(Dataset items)
● ● ● ● ● ● ●
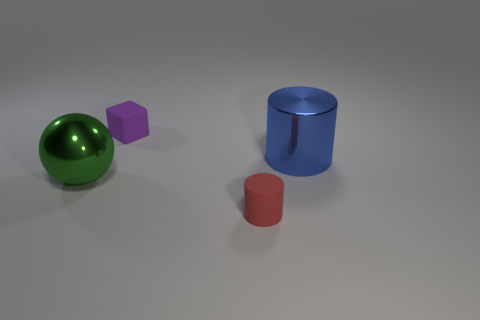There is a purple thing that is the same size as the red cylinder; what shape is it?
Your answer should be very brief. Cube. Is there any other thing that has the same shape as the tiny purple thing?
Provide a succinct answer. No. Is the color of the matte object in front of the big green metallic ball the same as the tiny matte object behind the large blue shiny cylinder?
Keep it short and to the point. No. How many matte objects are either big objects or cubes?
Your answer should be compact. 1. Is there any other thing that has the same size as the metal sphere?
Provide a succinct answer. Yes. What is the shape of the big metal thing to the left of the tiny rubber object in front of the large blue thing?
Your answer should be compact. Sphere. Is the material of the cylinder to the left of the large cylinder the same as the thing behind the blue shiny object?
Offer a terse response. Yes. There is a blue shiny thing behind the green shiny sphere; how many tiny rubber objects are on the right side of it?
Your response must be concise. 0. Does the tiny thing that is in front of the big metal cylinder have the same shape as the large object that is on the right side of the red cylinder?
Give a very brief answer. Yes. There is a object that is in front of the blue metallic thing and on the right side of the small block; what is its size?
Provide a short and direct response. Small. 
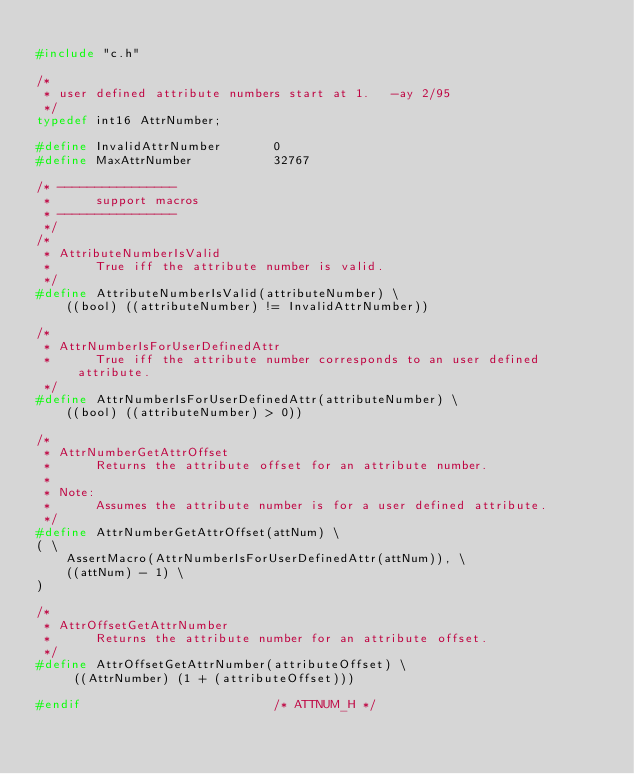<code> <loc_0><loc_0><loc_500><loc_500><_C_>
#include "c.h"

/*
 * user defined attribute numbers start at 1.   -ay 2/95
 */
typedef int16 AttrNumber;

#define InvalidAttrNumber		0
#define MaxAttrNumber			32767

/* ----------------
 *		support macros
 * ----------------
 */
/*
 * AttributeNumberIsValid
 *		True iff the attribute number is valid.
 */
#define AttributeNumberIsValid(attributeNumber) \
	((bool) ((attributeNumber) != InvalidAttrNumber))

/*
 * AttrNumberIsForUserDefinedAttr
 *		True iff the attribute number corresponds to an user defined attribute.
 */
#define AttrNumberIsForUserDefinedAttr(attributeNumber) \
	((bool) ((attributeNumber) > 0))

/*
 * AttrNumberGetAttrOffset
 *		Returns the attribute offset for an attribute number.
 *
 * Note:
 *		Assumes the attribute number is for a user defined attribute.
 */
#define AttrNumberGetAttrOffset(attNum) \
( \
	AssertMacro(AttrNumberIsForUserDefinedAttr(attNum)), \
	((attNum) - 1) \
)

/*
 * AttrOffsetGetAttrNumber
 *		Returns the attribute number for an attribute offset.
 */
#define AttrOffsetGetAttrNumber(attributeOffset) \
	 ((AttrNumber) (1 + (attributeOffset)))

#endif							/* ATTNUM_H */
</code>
● ● ● ● ● ● ●
WORK TO COMPLETE:
Determine the number of lines in the entries above where the string "short" appears. Answer with the number alone.

ANSWER SECTION:
2